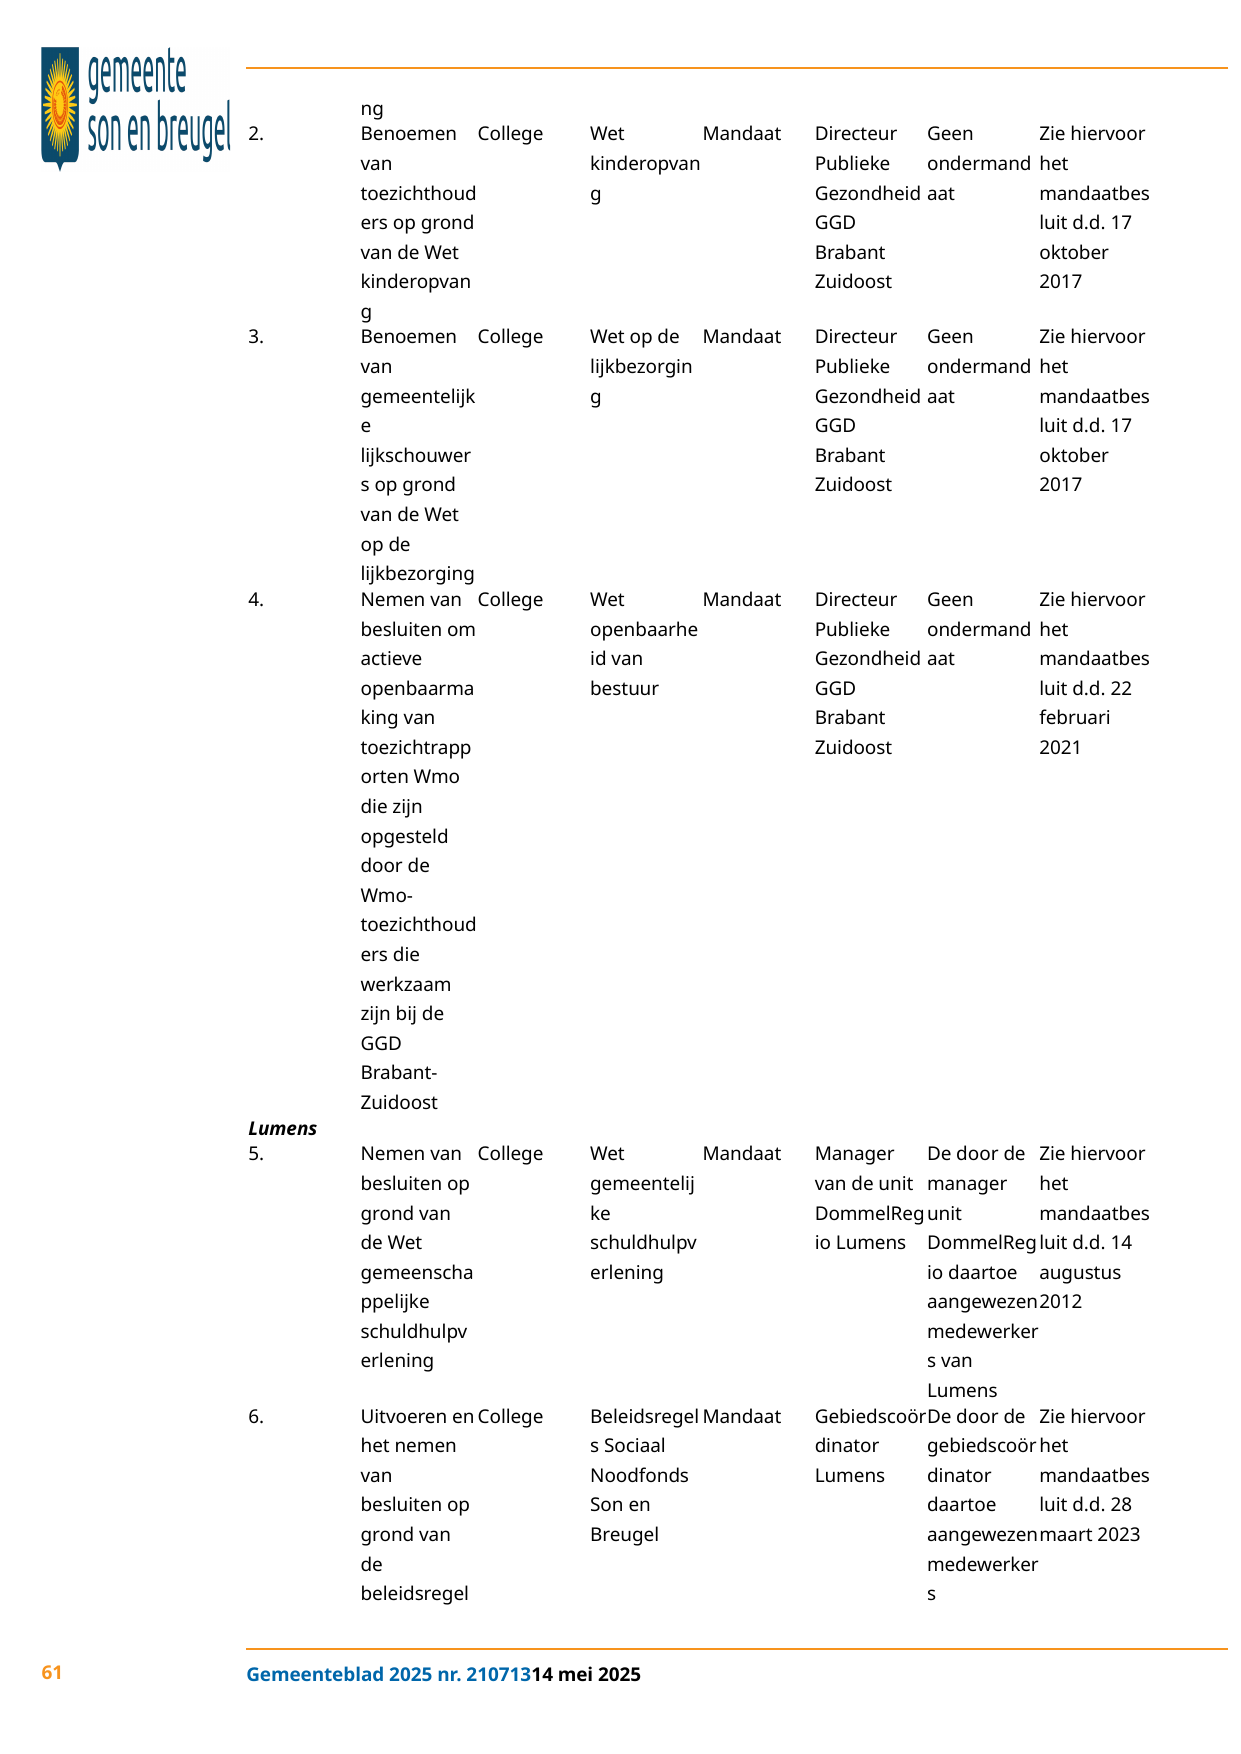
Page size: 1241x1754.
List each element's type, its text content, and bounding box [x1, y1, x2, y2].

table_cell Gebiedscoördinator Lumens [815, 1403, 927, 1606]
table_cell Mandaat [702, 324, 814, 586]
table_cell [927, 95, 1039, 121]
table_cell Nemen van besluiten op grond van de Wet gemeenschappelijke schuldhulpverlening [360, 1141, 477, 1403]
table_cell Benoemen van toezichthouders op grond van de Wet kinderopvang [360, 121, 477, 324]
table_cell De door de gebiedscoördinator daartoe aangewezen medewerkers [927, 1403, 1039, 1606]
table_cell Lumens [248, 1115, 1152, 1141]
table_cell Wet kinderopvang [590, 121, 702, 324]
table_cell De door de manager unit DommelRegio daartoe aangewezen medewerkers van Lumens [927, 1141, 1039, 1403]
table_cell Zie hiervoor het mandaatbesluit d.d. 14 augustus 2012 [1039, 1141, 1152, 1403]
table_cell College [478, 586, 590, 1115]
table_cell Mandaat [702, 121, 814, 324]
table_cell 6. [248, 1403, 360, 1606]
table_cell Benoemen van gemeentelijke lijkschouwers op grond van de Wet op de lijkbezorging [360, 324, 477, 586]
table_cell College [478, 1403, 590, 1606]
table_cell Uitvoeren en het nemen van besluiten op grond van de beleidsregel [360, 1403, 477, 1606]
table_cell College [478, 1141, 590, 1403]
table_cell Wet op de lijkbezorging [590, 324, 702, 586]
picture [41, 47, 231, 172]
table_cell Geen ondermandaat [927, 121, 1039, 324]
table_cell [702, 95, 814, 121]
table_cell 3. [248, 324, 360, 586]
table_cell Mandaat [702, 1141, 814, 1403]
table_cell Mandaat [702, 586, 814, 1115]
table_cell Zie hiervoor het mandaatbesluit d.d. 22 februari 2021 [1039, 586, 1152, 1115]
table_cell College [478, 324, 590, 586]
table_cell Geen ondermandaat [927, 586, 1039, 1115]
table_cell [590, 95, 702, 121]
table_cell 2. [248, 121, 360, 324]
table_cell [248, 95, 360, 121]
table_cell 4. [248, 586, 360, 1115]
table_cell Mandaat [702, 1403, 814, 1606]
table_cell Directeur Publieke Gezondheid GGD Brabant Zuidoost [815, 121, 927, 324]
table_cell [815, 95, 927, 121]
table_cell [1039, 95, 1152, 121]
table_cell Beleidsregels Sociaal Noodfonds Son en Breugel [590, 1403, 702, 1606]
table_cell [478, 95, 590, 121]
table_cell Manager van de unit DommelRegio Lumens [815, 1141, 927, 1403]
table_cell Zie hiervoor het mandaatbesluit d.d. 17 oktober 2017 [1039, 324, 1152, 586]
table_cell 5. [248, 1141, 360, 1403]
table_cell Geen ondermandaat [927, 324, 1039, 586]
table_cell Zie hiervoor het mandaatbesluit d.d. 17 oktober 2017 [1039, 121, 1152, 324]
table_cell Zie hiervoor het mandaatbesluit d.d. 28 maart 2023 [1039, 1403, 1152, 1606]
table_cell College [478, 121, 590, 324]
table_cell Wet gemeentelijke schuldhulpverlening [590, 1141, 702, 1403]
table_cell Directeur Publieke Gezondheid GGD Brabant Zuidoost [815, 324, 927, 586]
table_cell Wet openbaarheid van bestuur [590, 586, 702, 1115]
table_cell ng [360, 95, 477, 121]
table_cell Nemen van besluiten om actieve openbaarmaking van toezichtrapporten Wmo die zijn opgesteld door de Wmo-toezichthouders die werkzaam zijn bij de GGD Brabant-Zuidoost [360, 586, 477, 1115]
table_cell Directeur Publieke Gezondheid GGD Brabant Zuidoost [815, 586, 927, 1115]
※
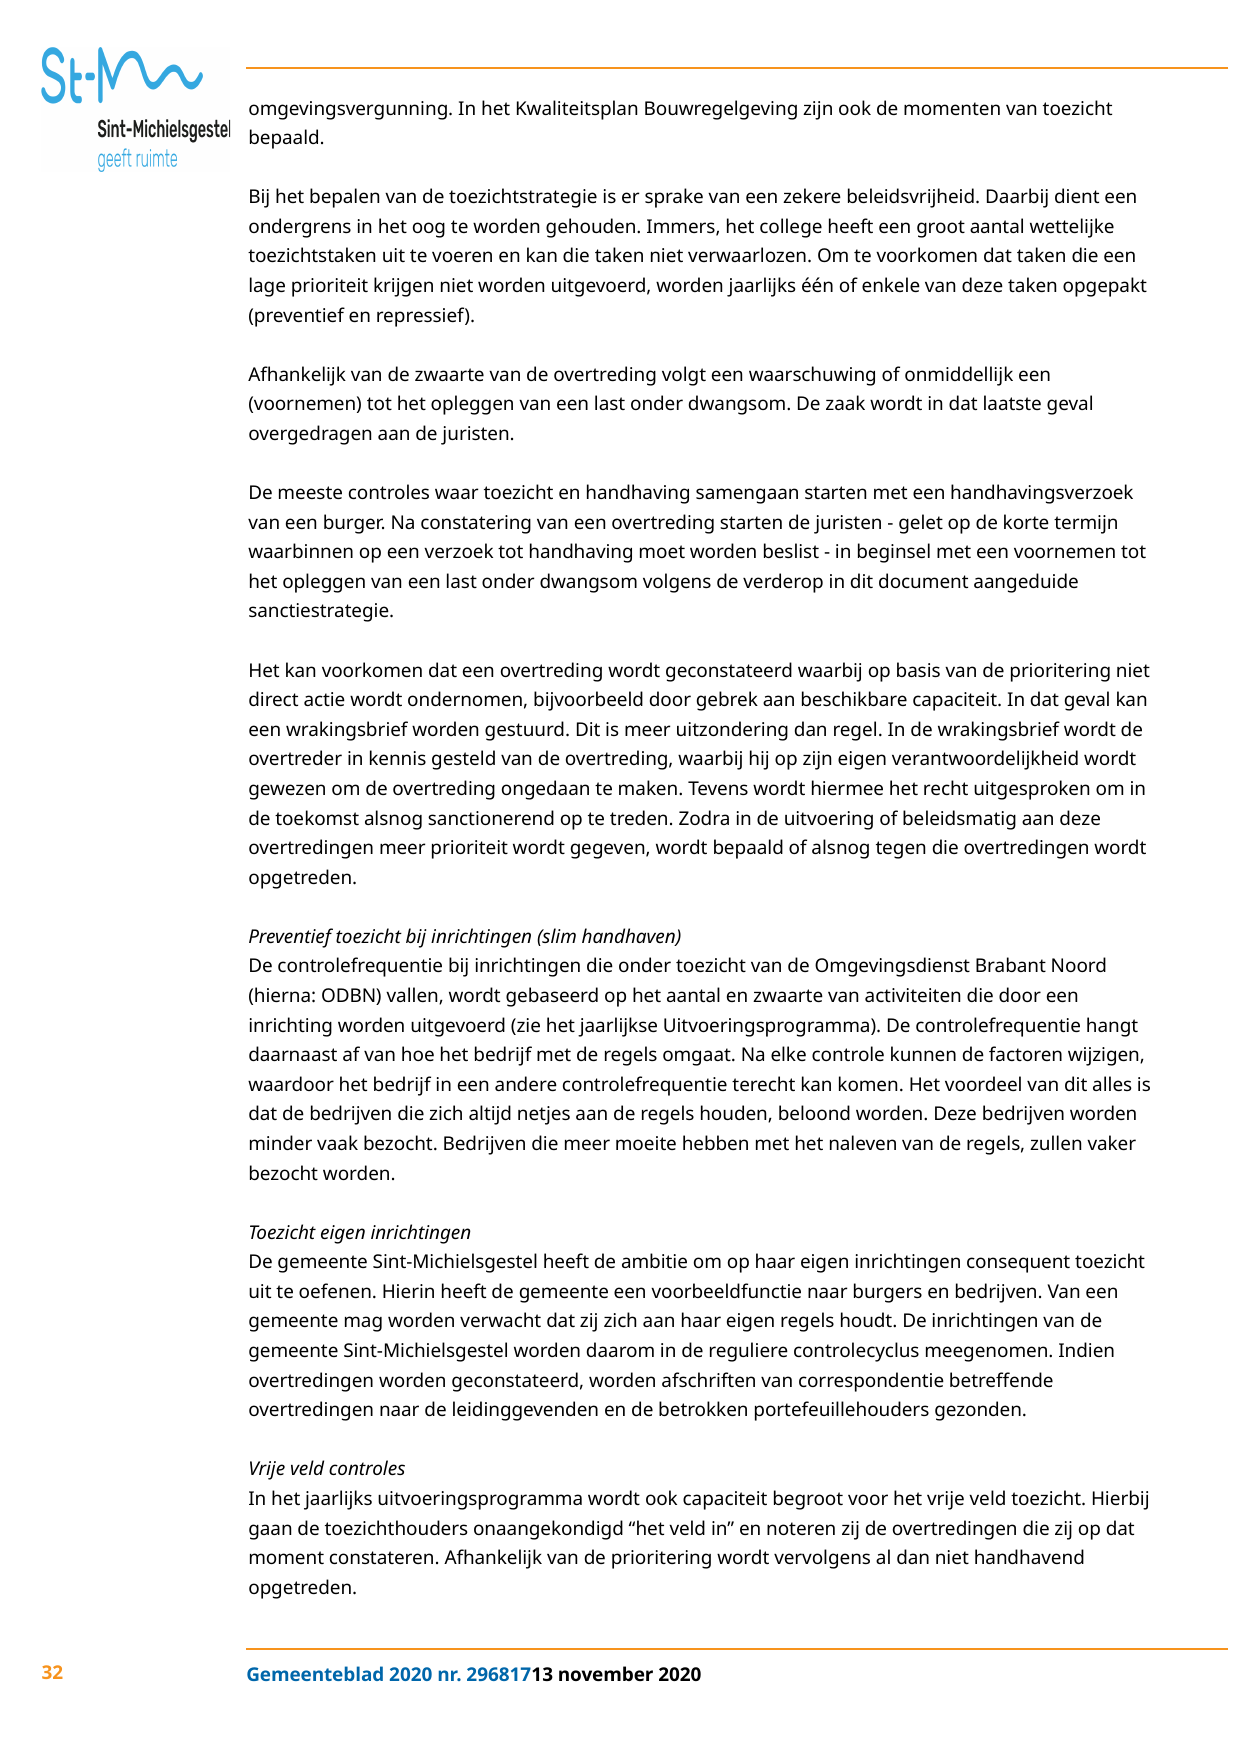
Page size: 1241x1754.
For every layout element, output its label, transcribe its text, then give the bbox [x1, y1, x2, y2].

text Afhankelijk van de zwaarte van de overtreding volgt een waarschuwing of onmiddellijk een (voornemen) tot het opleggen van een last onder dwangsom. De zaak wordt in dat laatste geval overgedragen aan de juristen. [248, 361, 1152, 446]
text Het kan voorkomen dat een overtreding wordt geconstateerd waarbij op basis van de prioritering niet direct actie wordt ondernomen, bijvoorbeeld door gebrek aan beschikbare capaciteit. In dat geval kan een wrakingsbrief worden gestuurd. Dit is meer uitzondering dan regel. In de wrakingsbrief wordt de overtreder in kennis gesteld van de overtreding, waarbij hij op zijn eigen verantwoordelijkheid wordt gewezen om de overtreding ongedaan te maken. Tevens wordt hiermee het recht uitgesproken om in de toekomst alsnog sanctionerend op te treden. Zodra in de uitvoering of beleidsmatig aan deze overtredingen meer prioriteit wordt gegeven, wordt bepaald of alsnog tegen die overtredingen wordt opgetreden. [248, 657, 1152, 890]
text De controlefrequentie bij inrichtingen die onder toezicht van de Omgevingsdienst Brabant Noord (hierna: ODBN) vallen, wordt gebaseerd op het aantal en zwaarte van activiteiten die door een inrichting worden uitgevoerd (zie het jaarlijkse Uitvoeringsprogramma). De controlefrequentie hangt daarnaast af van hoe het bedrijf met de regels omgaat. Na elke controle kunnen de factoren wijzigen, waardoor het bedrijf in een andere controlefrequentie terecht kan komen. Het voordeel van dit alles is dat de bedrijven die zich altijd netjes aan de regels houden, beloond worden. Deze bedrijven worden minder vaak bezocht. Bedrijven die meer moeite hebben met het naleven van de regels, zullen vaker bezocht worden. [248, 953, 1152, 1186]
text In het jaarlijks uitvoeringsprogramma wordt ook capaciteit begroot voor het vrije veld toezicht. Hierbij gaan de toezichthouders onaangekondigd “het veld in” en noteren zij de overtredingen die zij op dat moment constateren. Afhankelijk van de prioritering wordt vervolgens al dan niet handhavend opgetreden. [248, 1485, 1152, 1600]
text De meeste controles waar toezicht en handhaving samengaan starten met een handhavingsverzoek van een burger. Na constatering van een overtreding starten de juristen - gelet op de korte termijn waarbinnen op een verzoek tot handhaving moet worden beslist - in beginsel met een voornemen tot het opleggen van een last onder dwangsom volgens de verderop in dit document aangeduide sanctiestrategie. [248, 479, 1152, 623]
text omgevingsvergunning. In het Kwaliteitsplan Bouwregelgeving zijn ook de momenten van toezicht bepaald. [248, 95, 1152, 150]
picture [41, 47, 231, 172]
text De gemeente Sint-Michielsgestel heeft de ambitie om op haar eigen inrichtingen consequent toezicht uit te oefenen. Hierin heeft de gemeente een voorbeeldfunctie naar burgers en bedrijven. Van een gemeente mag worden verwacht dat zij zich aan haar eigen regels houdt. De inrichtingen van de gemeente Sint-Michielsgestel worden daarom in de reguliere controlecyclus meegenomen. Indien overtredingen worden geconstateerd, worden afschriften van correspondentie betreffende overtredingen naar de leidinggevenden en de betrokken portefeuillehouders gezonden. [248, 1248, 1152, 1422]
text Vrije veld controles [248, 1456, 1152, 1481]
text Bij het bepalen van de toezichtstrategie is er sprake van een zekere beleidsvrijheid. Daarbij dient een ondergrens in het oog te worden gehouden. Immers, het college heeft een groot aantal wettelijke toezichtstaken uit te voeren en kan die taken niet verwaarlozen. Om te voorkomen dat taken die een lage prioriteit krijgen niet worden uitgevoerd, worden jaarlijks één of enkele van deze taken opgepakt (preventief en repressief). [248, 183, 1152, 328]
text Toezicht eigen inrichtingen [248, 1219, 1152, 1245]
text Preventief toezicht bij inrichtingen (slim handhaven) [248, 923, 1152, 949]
※
▶ [What is being asked]: Write out exactly the lines above from the line with "table_cell Uitvoeren en" through the line with "table_cell [702, 95, 814, 121]", both of them included, and leave out all other lines.

▶ [Answer box]:
table_cell Uitvoeren en het nemen van besluiten op grond van de beleidsregel [360, 1403, 477, 1606]
table_cell College [478, 1141, 590, 1403]
table_cell Wet op de lijkbezorging [590, 324, 702, 586]
picture [41, 47, 231, 172]
table_cell Geen ondermandaat [927, 121, 1039, 324]
table_cell [702, 95, 814, 121]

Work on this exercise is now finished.